▶ _INPUT_:
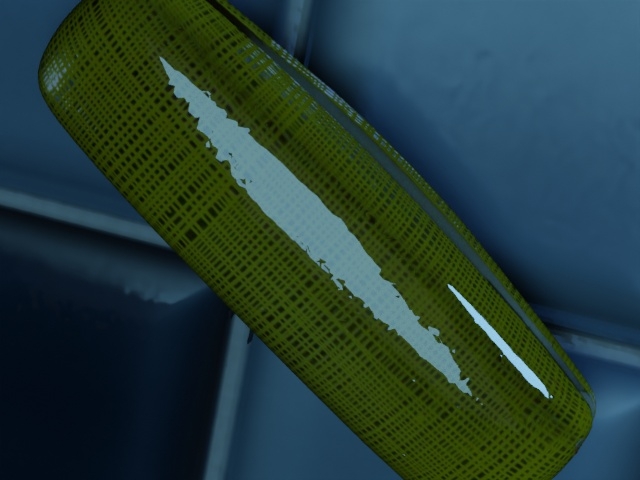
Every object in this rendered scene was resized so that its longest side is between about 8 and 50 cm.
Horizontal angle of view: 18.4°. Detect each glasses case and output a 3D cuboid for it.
[{"bbox_3d":[0.000,0.000,0.690,0.234,0.064,0.079,46,119,-5],"label":"glasses case"}]
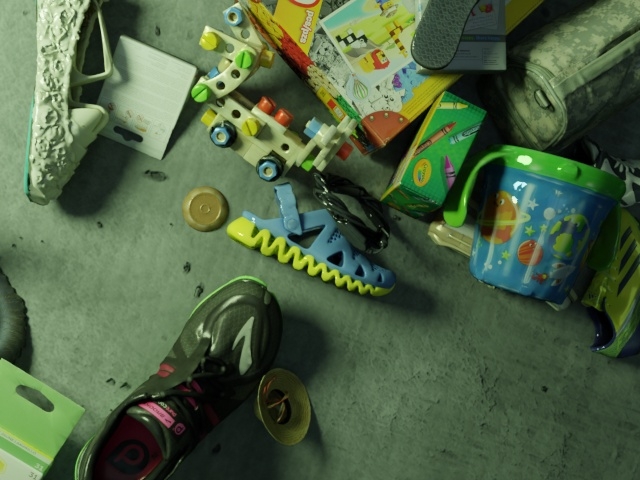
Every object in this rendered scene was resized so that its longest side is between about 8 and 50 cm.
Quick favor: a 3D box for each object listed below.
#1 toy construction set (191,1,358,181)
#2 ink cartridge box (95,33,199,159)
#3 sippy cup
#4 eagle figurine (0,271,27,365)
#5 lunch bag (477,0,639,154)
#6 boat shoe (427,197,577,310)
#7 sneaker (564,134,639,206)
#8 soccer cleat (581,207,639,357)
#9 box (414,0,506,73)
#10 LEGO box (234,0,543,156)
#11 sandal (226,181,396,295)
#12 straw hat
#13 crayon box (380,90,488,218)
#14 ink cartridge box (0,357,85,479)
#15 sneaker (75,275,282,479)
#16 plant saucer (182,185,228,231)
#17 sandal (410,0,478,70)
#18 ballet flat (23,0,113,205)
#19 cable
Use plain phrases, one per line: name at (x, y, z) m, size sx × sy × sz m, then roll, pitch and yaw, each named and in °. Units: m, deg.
toy construction set at (-0.087, -0.227, 1.283) m, size 0.327 × 0.151 × 0.215 m, roll 42°, pitch 112°, yaw 7°
ink cartridge box at (-0.315, -0.255, 1.335) m, size 0.145 × 0.045 × 0.179 m, roll 23°, pitch 106°, yaw -8°
sippy cup at (0.357, -0.021, 1.242) m, size 0.305 × 0.240 × 0.224 m, roll 17°, pitch 95°, yaw 9°
eagle figurine at (-0.638, 0.077, 1.232) m, size 0.226 × 0.225 × 0.299 m, roll 22°, pitch 128°, yaw 29°
lunch bag at (0.471, -0.304, 1.328) m, size 0.305 × 0.256 × 0.213 m, roll -32°, pitch 95°, yaw -7°
boat shoe at (0.334, 0.041, 1.393) m, size 0.302 × 0.113 × 0.103 m, roll 39°, pitch 88°, yaw 3°
sneaker at (0.549, -0.144, 1.404) m, size 0.234 × 0.094 × 0.153 m, roll -22°, pitch 119°, yaw 2°
soccer cleat at (0.561, 0.082, 1.429) m, size 0.121 × 0.093 × 0.289 m, roll -3°, pitch 91°, yaw -1°
box at (0.225, -0.365, 1.207) m, size 0.145 × 0.038 × 0.186 m, roll -1°, pitch 90°, yaw -8°
LEGO box at (0.153, -0.456, 1.312) m, size 0.500 × 0.193 × 0.372 m, roll -43°, pitch 96°, yaw -5°
sandal at (0.000, 0.000, 1.336) m, size 0.317 × 0.126 × 0.138 m, roll 27°, pitch 83°, yaw -9°
straw hat at (-0.085, 0.303, 1.351) m, size 0.061 × 0.144 × 0.145 m, roll -19°, pitch 94°, yaw 34°
crayon box at (0.185, -0.136, 1.276) m, size 0.081 × 0.278 × 0.165 m, roll 26°, pitch 87°, yaw 0°
ink cartridge box at (-0.529, 0.339, 1.259) m, size 0.171 × 0.056 × 0.235 m, roll 34°, pitch 108°, yaw -6°
sneaker at (-0.227, 0.275, 1.262) m, size 0.185 × 0.202 × 0.483 m, roll 38°, pitch 86°, yaw -7°
plant saucer at (-0.209, -0.057, 1.355) m, size 0.083 × 0.015 × 0.084 m, roll 0°, pitch 91°, yaw -8°
sandal at (0.214, -0.389, 1.165) m, size 0.097 × 0.054 × 0.255 m, roll 31°, pitch 96°, yaw 0°
ballet flat at (-0.420, -0.261, 1.257) m, size 0.146 × 0.147 × 0.409 m, roll 3°, pitch 90°, yaw -8°
cable at (0.059, -0.062, 1.335) m, size 0.184 × 0.150 × 0.047 m, roll 44°, pitch 122°, yaw -5°
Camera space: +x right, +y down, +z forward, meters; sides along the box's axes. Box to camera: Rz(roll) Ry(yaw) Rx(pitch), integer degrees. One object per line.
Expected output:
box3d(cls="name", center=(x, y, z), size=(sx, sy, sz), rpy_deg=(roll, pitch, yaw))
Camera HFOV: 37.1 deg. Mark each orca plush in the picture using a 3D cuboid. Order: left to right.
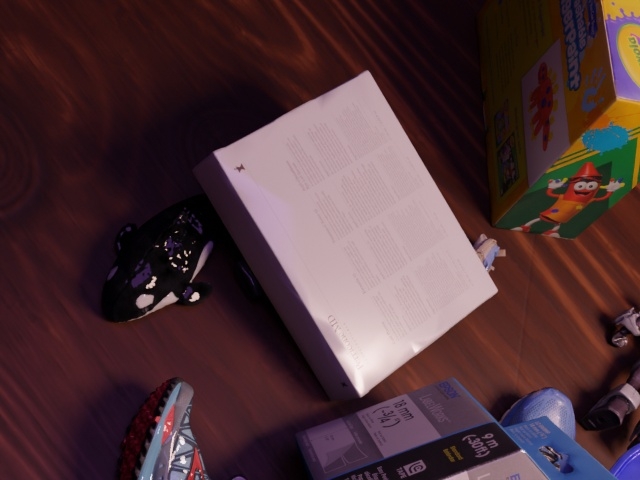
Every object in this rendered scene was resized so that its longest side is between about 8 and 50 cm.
box3d(cls="orca plush", center=(-0.178, -0.001, 1.305), size=(0.287, 0.102, 0.151), rpy_deg=(-27, 75, -29))

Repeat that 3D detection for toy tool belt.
box3d(cls="toy tool belt", center=(0.250, 0.034, 1.464), size=(0.051, 0.052, 0.083), rpy_deg=(29, 58, 8))

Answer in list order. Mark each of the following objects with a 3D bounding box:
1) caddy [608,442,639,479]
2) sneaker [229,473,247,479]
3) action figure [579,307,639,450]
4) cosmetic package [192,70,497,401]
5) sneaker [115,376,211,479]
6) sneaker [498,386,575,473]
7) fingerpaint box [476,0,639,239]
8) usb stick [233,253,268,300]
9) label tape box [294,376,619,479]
box3d(cls="caddy", center=(0.440, 0.413, 1.186), size=(0.241, 0.179, 0.341), rpy_deg=(26, 50, 37))
box3d(cls="sneaker", center=(-0.108, 0.342, 1.184), size=(0.040, 0.043, 0.109), rpy_deg=(17, 57, -7))
box3d(cls="action figure", center=(0.513, 0.195, 1.448), size=(0.185, 0.099, 0.285), rpy_deg=(39, 54, 12))
box3d(cls="cosmetic package", center=(0.041, -0.010, 1.336), size=(0.284, 0.097, 0.377), rpy_deg=(-32, 93, -32))
box3d(cls="sneaker", center=(-0.183, 0.301, 1.165), size=(0.125, 0.104, 0.261), rpy_deg=(23, 61, -27))
box3d(cls="sneaker", center=(0.288, 0.337, 1.260), size=(0.130, 0.147, 0.330), rpy_deg=(27, 56, -4))
box3d(cls="fingerpaint box", center=(0.406, -0.284, 1.499), size=(0.163, 0.371, 0.444), rpy_deg=(9, 60, -14))
box3d(cls="usb stick", center=(0.000, 0.000, 1.395), size=(0.278, 0.045, 0.077), rpy_deg=(-28, 94, -28))
box3d(cls="label tape box", center=(0.156, 0.263, 1.142), size=(0.334, 0.240, 0.105), rpy_deg=(-18, 104, -7))
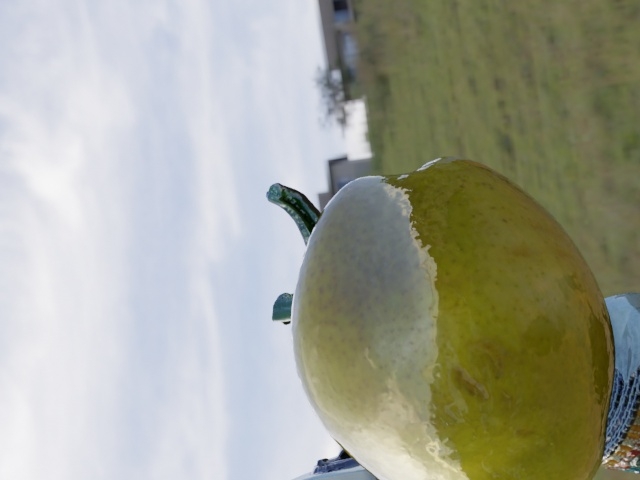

▶ _REQUIRED ACTION_: Would you output, from the records above, exactly the run of lines that starts at the line containing "6) sneaker [498,386,575,473]" and ends at the line containing "8) usb stick [233,253,268,300]", and only that run?

▶ _WRITTEN ANSWER_:
6) sneaker [498,386,575,473]
7) fingerpaint box [476,0,639,239]
8) usb stick [233,253,268,300]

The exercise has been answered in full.